> WHAT YOU NEED TO DO:
Print, exactly as they appear in the listing below, the lines from the line with "list Graphviz [210, 425, 1113, 453]" to the line with "list Acceda al sitio web http://www.scipy.org/", with both end lines kept.

> EXCERPTED RECORDS:
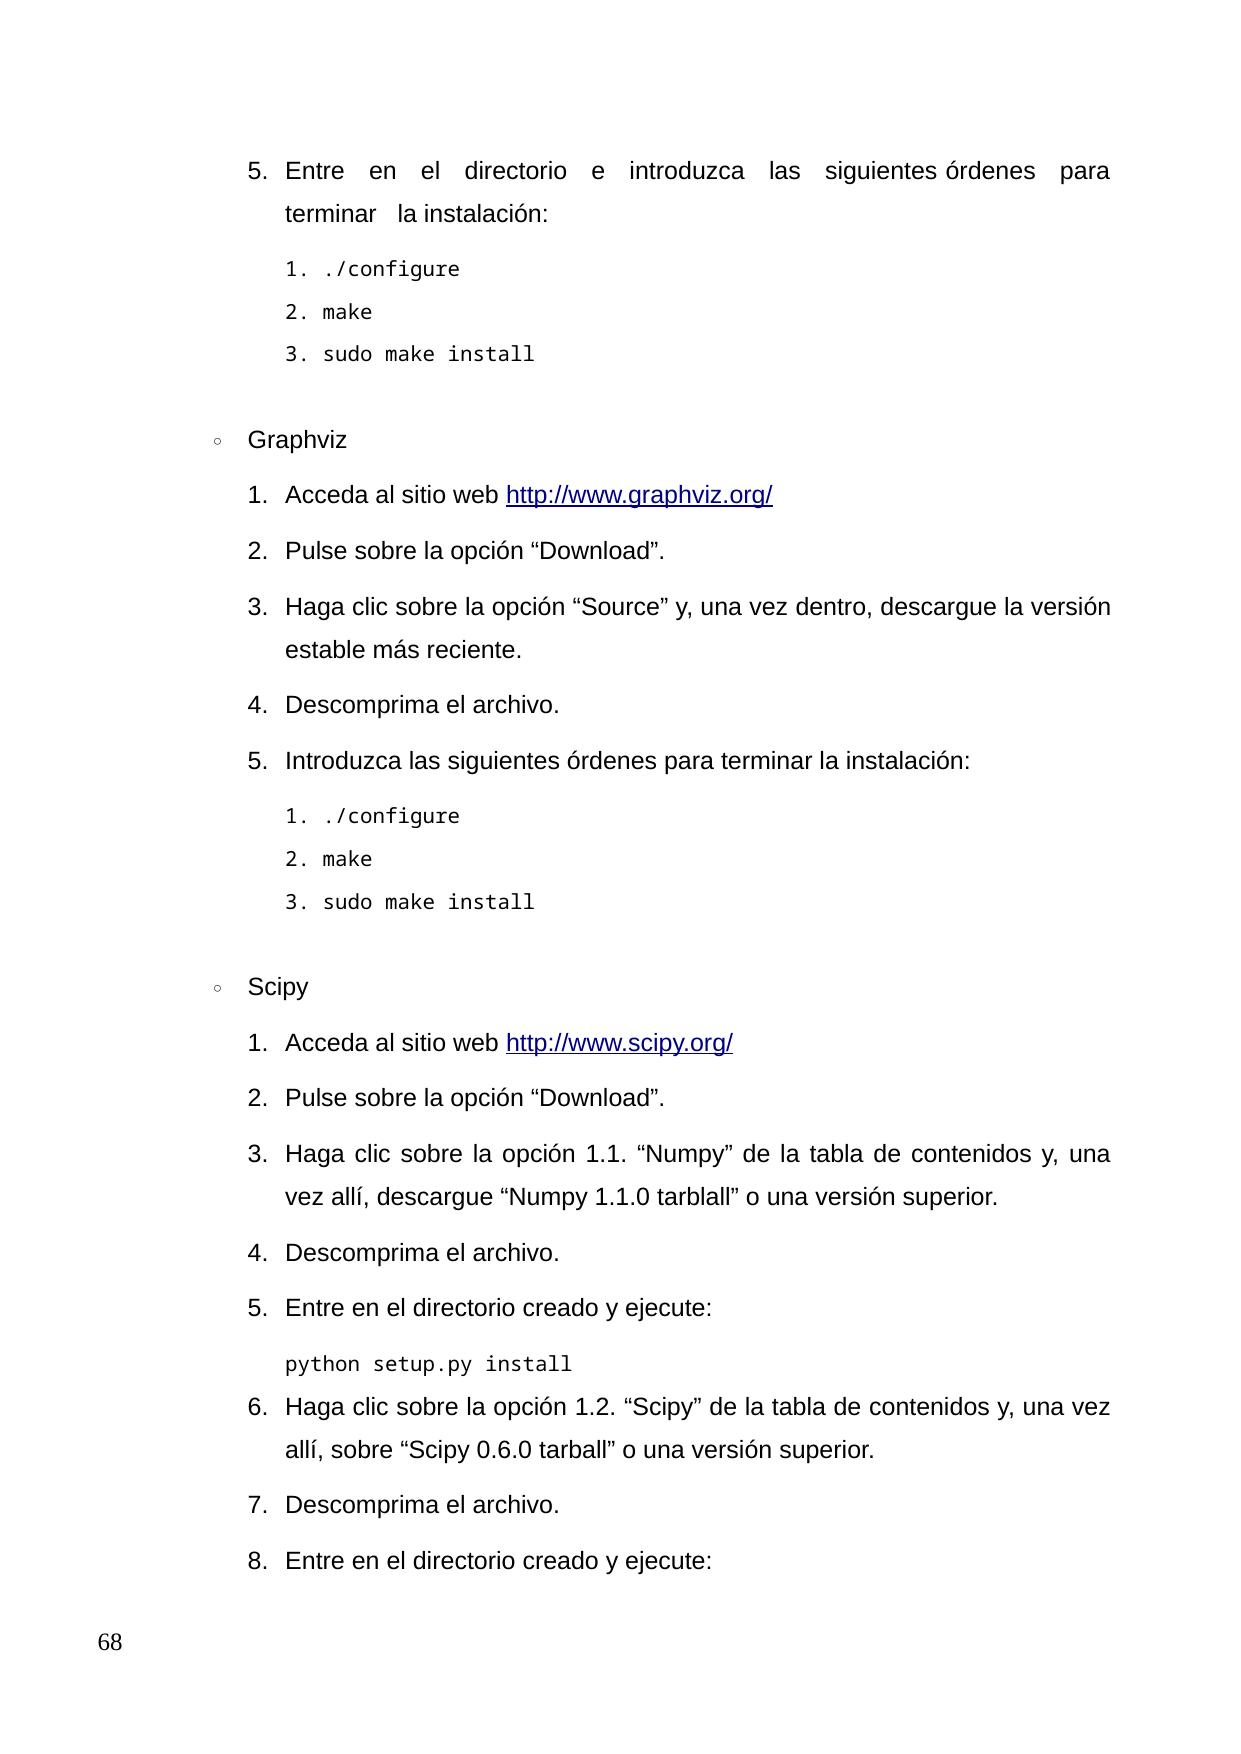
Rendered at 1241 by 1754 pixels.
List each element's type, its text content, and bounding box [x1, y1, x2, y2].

list sudo make install [285, 887, 1113, 915]
list Scipy [210, 972, 1113, 1001]
list Descomprima el archivo. [247, 1490, 1113, 1519]
list Graphviz [210, 425, 1113, 453]
list Haga clic sobre la opción 1.2. “Scipy” de la tabla de contenidos y, una vez allí, sobre “Scipy 0.6.0 tarball” o una versión superior. [247, 1392, 1113, 1463]
list make [285, 297, 1113, 325]
list Acceda al sitio web http://www.scipy.org/ [247, 1028, 1113, 1056]
list Haga clic sobre la opción “Source” y, una vez dentro, descargue la versión estable más reciente. [247, 592, 1113, 663]
list Acceda al sitio web http://www.graphviz.org/ [247, 480, 1113, 509]
list make [285, 844, 1113, 873]
list Pulse sobre la opción “Download”. [247, 1083, 1113, 1112]
list ./configure [285, 802, 1113, 830]
list Introduzca las siguientes órdenes para terminar la instalación: [247, 746, 1113, 775]
list sudo make install [285, 339, 1113, 368]
list python setup.py install [247, 1349, 1113, 1377]
list Entre en el directorio creado y ejecute: [247, 1293, 1113, 1322]
list Entre en el directorio creado y ejecute: [247, 1546, 1113, 1575]
list Entre en el directorio e introduzca las siguientes órdenes para terminar la instalación: [247, 156, 1113, 227]
list Haga clic sobre la opción 1.1. “Numpy” de la tabla de contenidos y, una vez allí, descargue “Numpy 1.1.0 tarblall” o una versión superior. [247, 1139, 1113, 1211]
list Pulse sobre la opción “Download”. [247, 536, 1113, 565]
list Descomprima el archivo. [247, 690, 1113, 719]
list ./configure [285, 254, 1113, 283]
list Descomprima el archivo. [247, 1238, 1113, 1266]

> RESPONSE TO THE TASK:
list Graphviz [210, 425, 1113, 453]
list Haga clic sobre la opción 1.2. “Scipy” de la tabla de contenidos y, una vez allí, sobre “Scipy 0.6.0 tarball” o una versión superior. [247, 1392, 1113, 1463]
list make [285, 297, 1113, 325]
list Acceda al sitio web http://www.scipy.org/ [247, 1028, 1113, 1056]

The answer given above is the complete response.